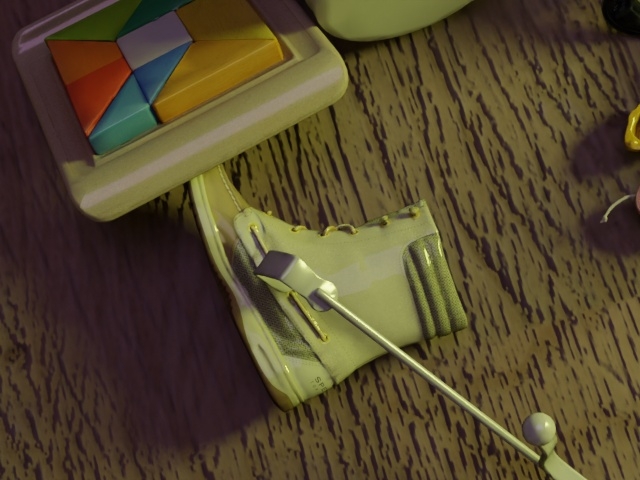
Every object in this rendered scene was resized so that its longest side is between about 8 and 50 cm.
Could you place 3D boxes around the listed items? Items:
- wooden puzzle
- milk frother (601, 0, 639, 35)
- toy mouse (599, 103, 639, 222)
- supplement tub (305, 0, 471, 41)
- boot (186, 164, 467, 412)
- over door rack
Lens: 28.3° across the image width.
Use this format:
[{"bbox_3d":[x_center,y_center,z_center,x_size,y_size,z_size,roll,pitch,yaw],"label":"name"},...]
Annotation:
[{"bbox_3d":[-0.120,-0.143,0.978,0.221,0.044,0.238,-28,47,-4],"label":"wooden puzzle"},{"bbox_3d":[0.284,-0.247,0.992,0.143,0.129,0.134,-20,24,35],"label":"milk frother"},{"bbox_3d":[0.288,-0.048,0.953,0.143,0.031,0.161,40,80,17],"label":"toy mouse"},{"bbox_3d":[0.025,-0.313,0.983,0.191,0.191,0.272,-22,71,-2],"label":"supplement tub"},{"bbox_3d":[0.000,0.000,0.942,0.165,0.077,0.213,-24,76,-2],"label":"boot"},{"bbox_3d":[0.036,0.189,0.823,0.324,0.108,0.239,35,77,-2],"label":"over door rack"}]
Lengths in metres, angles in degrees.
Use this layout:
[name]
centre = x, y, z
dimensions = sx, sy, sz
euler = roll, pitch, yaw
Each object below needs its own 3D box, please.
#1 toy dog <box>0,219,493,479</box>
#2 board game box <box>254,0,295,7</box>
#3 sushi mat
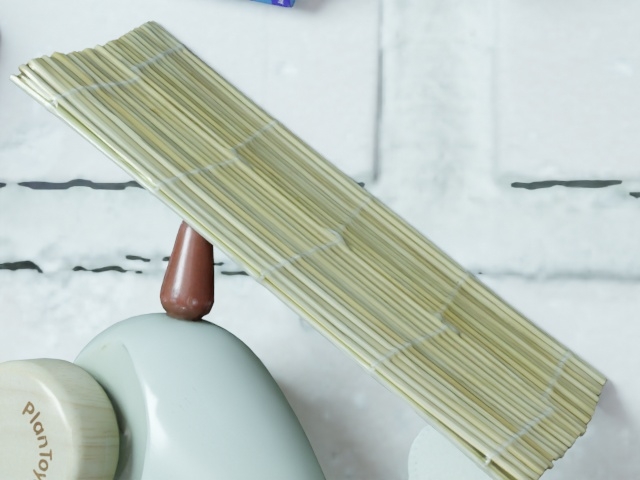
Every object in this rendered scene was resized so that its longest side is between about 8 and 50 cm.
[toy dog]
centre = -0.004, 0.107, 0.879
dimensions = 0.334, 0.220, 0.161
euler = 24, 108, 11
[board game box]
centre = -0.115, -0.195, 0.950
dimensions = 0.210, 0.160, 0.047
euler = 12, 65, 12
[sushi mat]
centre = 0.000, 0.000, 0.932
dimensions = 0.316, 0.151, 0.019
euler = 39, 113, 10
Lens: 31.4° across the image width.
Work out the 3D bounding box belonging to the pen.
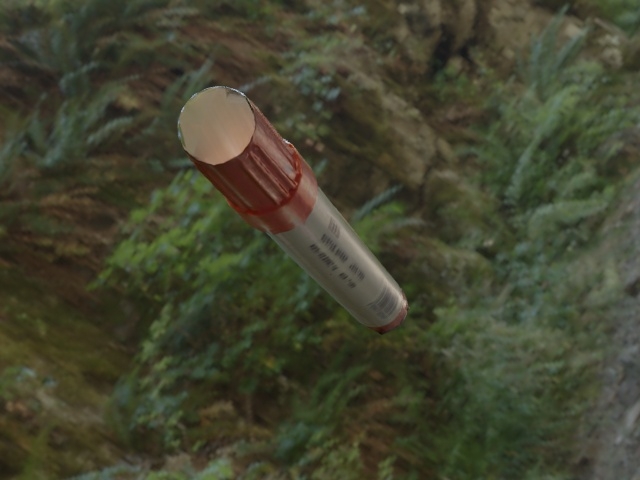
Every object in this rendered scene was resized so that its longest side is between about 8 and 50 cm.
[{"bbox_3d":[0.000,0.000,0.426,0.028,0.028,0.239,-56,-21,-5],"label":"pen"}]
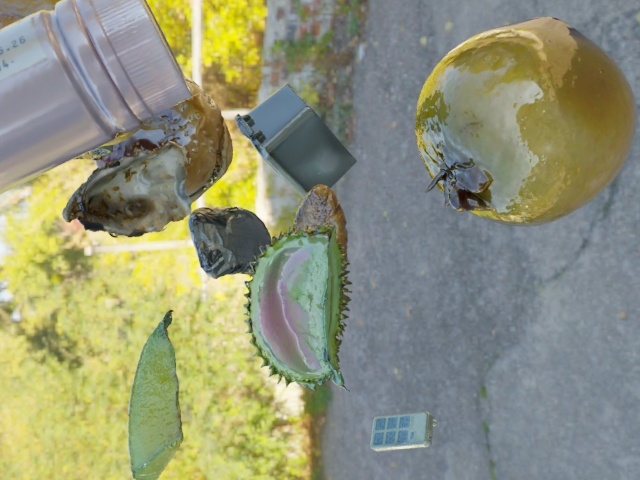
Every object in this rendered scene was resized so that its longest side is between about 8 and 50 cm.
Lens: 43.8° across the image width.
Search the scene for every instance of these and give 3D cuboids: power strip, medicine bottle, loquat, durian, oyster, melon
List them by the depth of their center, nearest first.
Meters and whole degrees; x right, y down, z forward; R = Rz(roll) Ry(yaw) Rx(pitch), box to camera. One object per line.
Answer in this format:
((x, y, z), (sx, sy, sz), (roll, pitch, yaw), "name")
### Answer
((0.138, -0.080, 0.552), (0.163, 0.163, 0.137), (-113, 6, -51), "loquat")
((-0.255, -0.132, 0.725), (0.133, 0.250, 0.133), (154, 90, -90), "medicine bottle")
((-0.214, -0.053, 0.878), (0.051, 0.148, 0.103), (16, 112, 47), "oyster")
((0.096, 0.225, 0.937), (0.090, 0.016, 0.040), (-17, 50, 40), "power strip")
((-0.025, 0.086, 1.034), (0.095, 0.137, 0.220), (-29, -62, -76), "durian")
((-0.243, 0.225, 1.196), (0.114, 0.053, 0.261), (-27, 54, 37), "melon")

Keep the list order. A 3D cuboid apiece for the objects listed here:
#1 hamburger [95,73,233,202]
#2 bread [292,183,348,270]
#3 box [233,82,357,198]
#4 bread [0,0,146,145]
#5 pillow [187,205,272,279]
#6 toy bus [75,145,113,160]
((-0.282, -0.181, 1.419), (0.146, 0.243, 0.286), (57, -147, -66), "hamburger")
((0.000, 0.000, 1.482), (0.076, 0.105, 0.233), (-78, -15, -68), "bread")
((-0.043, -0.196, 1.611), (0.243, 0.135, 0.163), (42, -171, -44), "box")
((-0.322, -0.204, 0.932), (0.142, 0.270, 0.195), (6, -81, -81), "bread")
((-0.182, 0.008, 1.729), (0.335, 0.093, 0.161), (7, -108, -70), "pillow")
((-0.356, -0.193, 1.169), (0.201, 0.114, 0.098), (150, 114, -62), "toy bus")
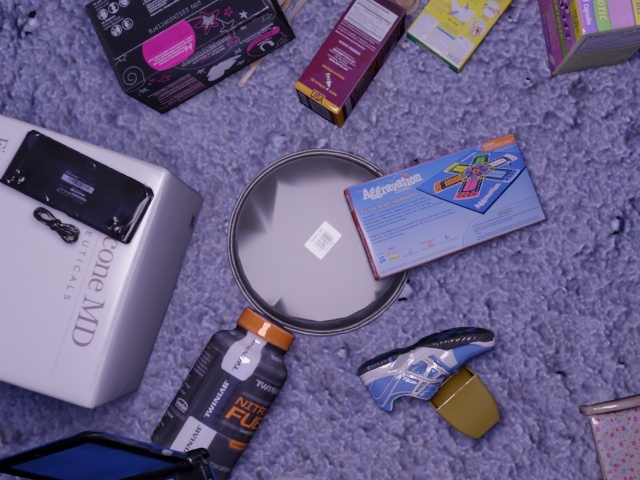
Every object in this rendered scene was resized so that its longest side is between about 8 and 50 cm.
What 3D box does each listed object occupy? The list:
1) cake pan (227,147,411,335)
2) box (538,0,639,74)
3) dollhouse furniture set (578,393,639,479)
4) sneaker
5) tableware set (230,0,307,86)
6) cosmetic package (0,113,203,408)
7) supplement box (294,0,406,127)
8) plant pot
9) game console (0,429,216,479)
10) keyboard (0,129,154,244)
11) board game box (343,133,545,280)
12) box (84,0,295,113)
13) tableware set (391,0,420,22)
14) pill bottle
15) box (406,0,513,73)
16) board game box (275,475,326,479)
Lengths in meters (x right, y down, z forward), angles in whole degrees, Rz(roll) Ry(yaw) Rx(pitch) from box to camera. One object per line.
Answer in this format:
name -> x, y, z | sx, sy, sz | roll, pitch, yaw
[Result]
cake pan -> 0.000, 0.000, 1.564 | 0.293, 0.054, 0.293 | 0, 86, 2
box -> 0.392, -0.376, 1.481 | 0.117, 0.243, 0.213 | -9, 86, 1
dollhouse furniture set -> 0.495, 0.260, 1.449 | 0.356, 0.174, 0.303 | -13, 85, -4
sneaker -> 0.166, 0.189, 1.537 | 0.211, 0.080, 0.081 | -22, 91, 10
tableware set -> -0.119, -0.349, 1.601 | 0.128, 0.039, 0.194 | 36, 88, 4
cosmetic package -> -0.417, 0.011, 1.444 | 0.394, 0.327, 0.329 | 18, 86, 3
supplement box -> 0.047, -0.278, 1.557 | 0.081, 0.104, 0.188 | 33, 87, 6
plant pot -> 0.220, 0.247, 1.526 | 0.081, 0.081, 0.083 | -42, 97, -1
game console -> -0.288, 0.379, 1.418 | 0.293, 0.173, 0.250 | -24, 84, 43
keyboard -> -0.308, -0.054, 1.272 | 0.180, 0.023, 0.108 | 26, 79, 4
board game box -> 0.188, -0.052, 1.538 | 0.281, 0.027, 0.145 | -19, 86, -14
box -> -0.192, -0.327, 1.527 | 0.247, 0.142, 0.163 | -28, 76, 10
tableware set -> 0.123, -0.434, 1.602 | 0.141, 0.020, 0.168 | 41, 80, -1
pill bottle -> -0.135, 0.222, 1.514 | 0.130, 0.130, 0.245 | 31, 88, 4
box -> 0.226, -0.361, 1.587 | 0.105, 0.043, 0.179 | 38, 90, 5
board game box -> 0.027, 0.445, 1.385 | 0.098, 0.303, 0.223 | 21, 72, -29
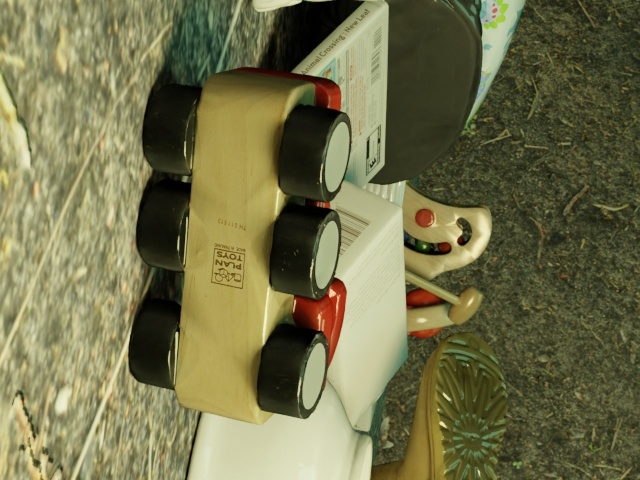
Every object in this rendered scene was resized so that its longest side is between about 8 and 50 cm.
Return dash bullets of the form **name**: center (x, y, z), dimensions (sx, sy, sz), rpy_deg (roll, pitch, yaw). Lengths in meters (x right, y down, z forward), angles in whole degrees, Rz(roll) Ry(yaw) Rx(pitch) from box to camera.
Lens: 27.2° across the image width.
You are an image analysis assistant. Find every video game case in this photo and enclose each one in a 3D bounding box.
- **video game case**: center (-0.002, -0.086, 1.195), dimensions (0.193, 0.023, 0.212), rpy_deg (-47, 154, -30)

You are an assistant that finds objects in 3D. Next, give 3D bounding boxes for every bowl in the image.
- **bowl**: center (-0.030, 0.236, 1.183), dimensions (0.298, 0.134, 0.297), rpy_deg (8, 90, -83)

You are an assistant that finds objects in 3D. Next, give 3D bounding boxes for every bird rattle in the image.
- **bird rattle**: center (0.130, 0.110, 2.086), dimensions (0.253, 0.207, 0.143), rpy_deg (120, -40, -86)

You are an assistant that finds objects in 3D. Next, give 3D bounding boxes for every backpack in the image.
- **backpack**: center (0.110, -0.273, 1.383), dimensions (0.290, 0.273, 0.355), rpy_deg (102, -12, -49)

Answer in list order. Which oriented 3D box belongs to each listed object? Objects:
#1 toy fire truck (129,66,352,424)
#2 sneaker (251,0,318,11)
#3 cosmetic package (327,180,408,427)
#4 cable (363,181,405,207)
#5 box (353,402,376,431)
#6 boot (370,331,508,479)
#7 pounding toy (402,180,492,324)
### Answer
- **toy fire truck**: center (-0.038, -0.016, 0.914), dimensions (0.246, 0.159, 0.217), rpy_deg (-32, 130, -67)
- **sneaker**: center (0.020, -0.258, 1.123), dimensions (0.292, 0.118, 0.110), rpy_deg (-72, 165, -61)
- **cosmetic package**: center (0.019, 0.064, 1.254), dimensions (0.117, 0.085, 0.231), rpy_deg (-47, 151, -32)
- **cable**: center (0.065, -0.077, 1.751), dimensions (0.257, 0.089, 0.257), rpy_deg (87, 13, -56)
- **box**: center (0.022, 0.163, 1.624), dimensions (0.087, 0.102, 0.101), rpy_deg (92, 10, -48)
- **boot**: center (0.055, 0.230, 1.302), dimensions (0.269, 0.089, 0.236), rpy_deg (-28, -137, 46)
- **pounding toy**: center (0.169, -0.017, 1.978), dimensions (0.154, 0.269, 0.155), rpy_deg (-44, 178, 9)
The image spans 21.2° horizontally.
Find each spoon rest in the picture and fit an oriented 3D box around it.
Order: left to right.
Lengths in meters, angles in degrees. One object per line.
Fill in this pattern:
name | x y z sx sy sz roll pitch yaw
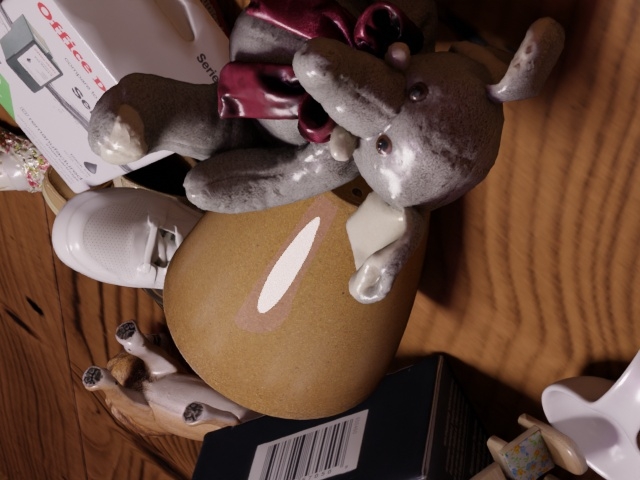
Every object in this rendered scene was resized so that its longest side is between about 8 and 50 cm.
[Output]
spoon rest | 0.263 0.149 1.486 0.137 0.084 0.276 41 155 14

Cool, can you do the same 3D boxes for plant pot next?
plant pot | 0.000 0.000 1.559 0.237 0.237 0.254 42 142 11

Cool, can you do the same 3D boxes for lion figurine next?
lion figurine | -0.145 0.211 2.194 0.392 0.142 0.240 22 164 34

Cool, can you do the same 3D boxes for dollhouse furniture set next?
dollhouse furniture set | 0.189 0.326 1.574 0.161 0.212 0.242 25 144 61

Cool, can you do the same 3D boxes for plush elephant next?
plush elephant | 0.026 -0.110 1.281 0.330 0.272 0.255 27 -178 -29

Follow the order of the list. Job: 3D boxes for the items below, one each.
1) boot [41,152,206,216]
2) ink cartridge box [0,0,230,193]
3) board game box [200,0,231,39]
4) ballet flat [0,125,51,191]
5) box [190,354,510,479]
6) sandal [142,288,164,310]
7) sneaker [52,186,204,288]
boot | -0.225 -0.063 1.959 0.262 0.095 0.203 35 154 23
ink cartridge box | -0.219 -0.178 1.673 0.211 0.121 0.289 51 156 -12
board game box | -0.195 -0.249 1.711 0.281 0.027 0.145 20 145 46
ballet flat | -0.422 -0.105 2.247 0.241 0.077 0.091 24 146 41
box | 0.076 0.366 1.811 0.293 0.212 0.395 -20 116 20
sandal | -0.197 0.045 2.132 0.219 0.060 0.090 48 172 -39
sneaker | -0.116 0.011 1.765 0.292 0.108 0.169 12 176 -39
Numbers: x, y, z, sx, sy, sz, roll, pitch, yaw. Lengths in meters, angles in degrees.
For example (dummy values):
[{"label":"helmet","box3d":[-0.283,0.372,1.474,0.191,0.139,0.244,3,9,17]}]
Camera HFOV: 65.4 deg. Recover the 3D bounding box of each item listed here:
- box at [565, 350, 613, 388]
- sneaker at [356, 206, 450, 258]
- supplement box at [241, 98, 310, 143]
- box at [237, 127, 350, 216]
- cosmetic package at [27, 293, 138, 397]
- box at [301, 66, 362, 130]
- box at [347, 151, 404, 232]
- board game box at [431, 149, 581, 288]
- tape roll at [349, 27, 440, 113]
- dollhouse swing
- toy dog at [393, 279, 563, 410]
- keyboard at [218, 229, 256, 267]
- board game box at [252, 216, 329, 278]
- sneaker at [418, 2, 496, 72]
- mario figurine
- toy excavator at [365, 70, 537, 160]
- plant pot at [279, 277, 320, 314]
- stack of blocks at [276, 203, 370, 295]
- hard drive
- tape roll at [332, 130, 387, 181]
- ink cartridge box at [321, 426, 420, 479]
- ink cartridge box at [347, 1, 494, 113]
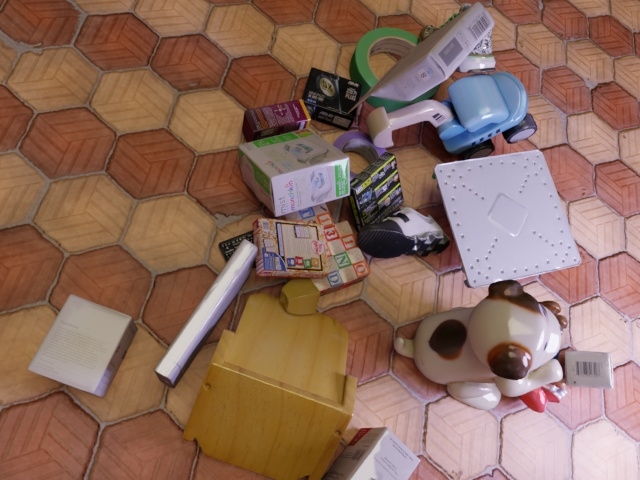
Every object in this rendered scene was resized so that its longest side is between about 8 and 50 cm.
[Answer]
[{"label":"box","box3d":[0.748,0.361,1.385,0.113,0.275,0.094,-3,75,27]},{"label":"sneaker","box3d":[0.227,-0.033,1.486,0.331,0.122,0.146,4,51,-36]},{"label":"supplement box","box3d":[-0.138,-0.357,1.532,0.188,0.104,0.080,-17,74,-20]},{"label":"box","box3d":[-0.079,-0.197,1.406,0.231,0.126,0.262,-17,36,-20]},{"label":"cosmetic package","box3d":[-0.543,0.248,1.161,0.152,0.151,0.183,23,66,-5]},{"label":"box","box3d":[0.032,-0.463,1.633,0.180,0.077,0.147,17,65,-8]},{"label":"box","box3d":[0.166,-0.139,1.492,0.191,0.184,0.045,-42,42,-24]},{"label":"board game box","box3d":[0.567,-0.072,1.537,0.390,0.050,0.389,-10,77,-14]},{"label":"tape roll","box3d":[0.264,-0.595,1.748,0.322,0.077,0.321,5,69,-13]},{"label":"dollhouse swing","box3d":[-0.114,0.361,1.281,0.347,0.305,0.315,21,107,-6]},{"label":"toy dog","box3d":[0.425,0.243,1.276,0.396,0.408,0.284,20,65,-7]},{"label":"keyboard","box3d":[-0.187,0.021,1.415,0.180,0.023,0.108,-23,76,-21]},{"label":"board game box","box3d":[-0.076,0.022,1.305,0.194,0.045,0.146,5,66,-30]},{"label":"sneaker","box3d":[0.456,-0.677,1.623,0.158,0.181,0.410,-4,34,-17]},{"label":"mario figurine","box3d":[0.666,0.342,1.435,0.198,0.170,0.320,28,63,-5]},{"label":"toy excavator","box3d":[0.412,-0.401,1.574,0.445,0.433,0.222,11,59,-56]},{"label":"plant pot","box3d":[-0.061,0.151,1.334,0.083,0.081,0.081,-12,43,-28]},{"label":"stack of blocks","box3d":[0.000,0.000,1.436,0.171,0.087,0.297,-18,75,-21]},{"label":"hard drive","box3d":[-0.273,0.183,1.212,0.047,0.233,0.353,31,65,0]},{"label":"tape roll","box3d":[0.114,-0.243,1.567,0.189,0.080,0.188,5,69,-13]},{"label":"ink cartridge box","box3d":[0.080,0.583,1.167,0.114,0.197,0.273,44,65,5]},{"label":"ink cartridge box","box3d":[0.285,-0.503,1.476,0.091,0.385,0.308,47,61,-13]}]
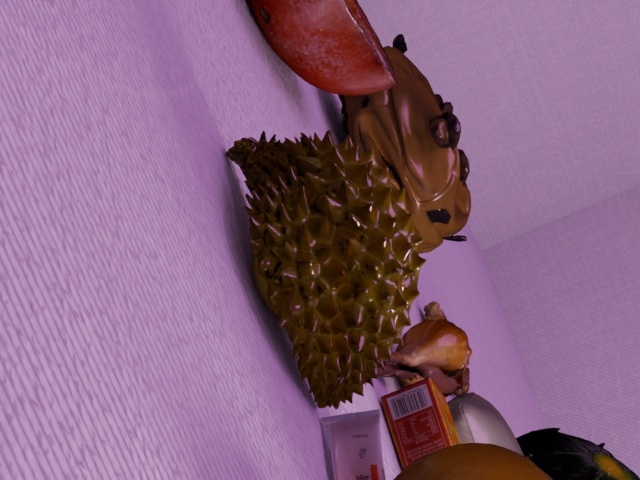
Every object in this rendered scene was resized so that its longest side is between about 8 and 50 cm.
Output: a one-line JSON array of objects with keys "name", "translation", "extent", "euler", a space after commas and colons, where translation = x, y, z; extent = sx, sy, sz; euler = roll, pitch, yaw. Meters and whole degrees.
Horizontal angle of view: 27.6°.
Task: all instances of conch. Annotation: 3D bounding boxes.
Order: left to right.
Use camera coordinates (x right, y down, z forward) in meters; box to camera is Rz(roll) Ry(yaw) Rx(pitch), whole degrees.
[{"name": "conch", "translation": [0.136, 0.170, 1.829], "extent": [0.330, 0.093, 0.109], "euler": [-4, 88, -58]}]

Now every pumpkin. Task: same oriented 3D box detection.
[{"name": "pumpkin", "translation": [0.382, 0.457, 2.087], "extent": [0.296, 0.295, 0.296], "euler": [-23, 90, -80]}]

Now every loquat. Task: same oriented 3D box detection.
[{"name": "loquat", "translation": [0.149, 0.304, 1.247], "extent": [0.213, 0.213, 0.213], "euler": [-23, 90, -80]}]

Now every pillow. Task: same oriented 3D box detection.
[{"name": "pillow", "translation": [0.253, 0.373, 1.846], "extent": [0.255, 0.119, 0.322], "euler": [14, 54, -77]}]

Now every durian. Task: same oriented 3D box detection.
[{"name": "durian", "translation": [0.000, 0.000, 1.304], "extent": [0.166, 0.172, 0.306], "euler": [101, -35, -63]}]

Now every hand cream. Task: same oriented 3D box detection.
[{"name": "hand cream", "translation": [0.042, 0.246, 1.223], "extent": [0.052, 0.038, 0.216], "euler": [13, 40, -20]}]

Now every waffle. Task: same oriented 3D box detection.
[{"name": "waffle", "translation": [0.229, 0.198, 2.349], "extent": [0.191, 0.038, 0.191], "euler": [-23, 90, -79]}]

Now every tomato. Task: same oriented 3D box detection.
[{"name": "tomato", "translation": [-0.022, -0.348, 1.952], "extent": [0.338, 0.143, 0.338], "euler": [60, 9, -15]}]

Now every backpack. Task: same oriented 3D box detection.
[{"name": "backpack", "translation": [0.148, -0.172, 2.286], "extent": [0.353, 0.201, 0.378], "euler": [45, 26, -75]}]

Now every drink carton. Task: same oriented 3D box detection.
····················
* [Exercise goal]: From the listing above, copy every line where the string "width" is found.

* [Written answer]:
Lens: 28.3° across the image width.
Lens: 31.4° across the image width.
Lens: 43.8° across the image width.
Lens: 27.2° across the image width.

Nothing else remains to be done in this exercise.